Repeatedly attack their immune system: Giving up isn't an option. Continuous exposure to stories and books will break down their immunity eventually and they will gradually find themselves able to enter into, and enjoy, fictional worlds. In general, children who grow up from a young age listening to stories want to hear more stories.

Attack with more than one infection: Provide stories of different genres (humorous, mystery, romance, classic, gothic, suspense, horror, adventure, quest, fantasy) and in different formats (picture books, short films, comics, short stories, long stories, text maps, cartoon strips, novels, fictional, factual, biographical). Eventually a wide and varied diet of infectious stories will take effect. Often children, through this exposure, will find their weakness: the books they love the most.

Attack with adapted viruses: Provide stories that are differentiated based on need. Some children need the expert advice of an adult who can pick out just what will appeal to them - perhaps the chink in their immune system's armour is a book about adventurous construction vehicles. A parent or teacher may be the only one capable of identifying that need. Once the digger-obsessed child reads that book, then he may find he has a thirst for adventure stories, at which point a whole canon of books may suddenly become more appealing to him: immune system breached.

*Leaving the analogy behind now; it is key that we prepare children for exposure to texts on subjects on which they have no knowledge and prior experience. With an immersive curriculum where vocabulary is focused on children can be prepared for the new concepts that they come across in narratives. Using non-fiction books, images, videos, drama and real-life rich experiences children can be brought into the world of the novel they are about to read or are currently reading, leading to a greater understanding of the plot and content, for example. This is a very short summary of a huge idea which will allow children to access almost any text - I have written a separate blog post to cover these ideas.

Some sceptics may question why we put so much effort into compromising a child's immunity to imaginative literature. The reasons are many fold: stories widen our experience and understanding of the world, reading stories is enjoyable, stories encourage creativity and they provide us with a voice with which to tell our own story.

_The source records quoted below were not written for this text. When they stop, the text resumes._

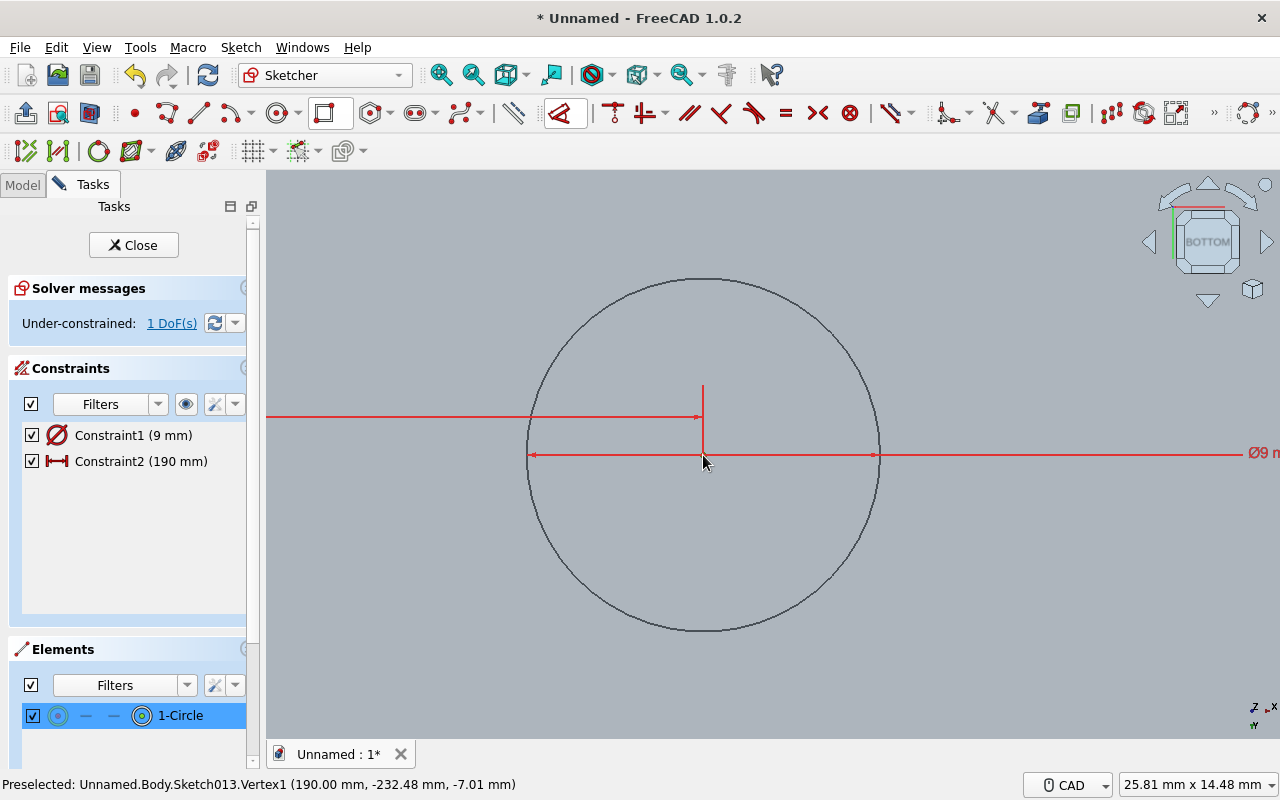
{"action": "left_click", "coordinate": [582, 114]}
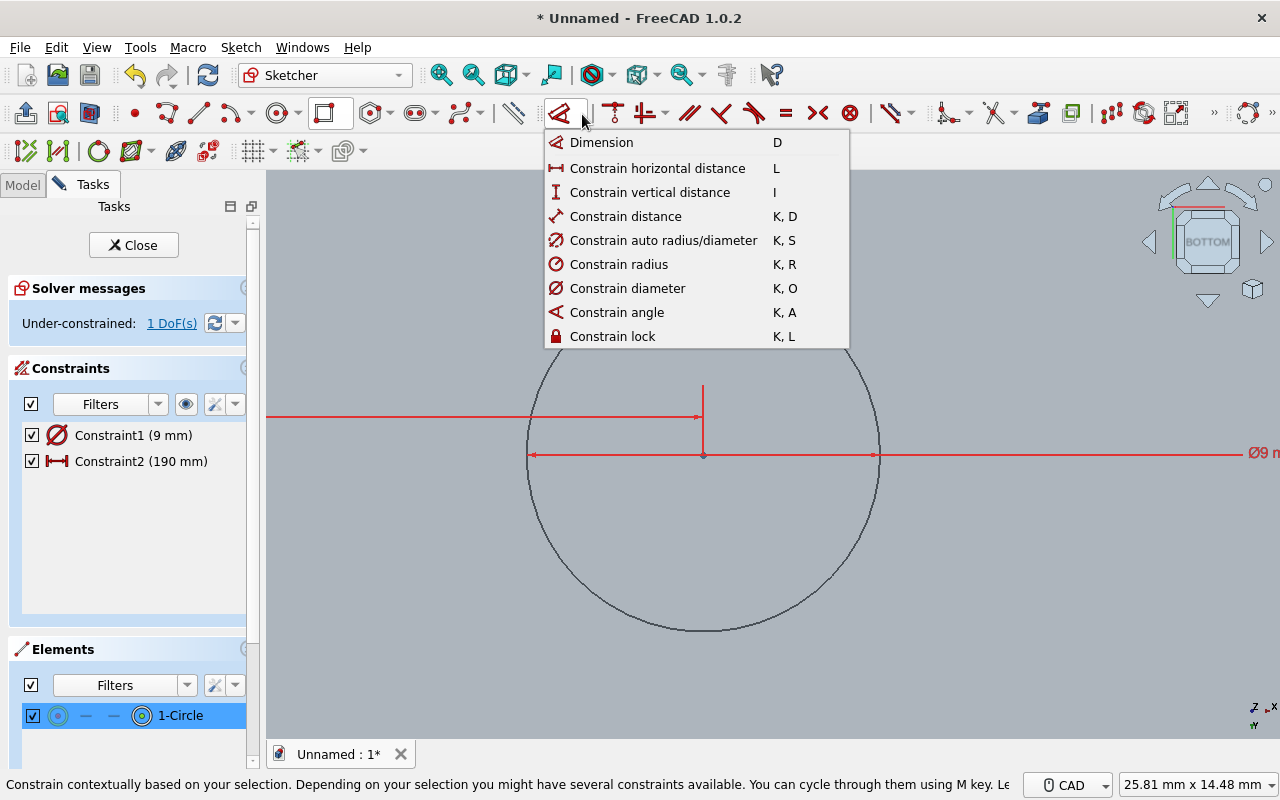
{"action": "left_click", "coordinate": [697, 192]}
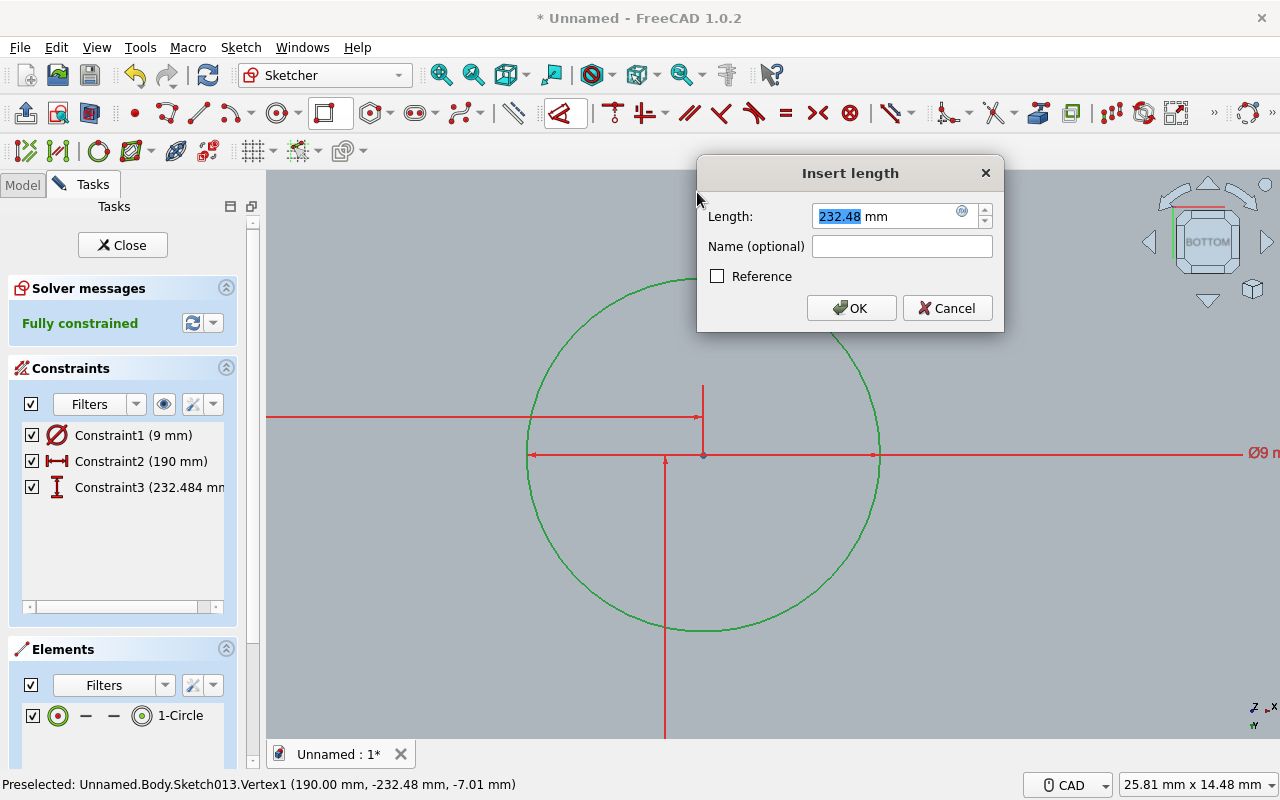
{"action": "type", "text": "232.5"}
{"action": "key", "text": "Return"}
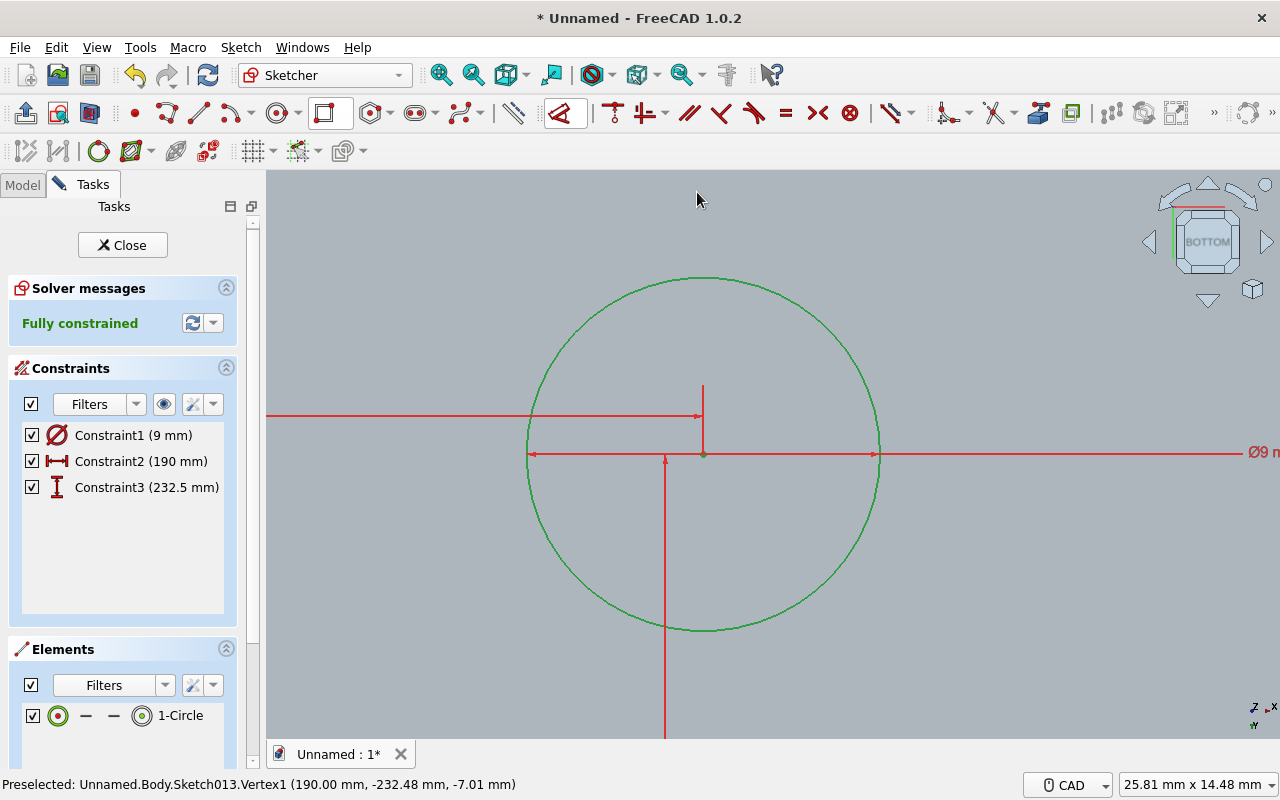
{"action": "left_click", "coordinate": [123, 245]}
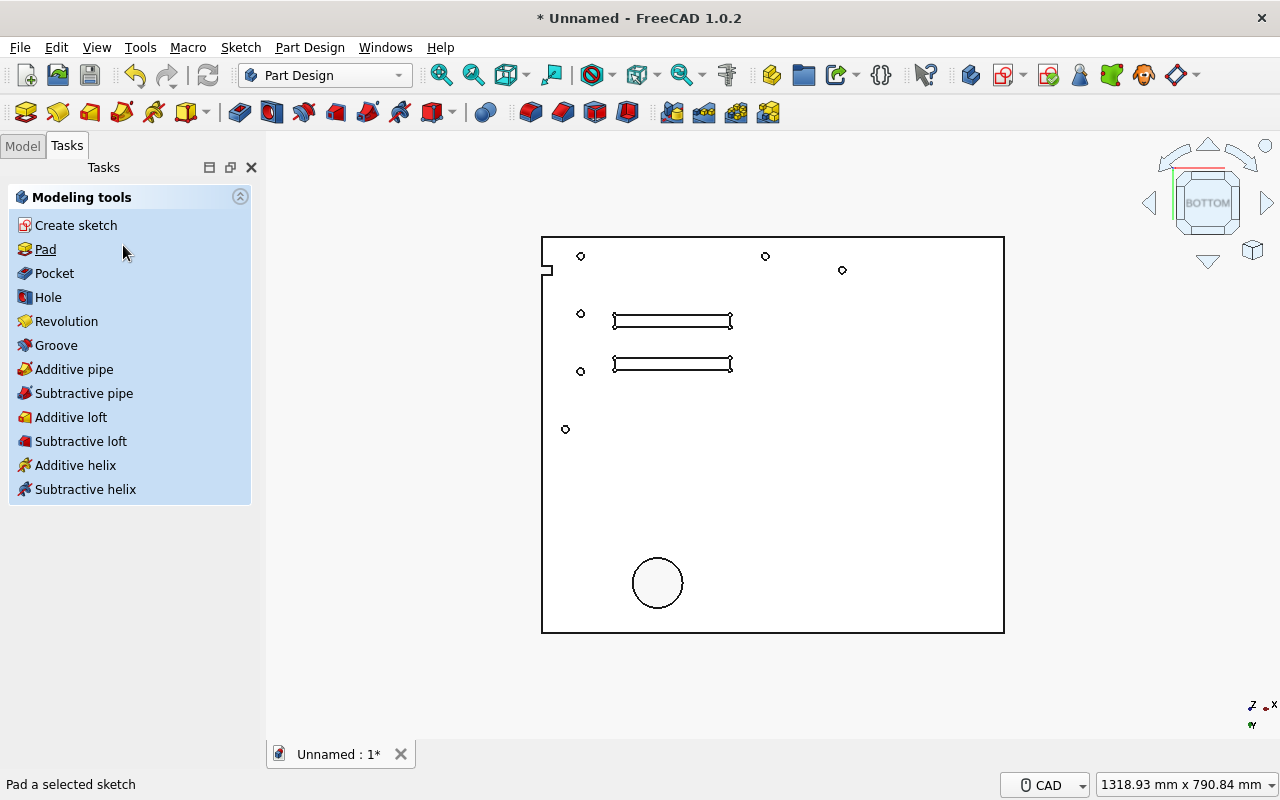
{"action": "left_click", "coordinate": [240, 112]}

One of human nature's most basic concepts is the way we see life past, present and future as a story; story-hearing and story-telling is written into our DNA. Stories are important.

Although Miss Caroline seems to have judged her class wrongly, it might just be that she had the right idea: exposing children to imaginative literature, even if the first time it falls on deaf ears, is an important part of their education. In this we can follow her example. Only, Beatrix Potter might not be the best choice for the rough-and-tumble Scout Finches of this world.

*with thanks to the staff at Penn Wood Primary for some clarification and food for thought on this issue.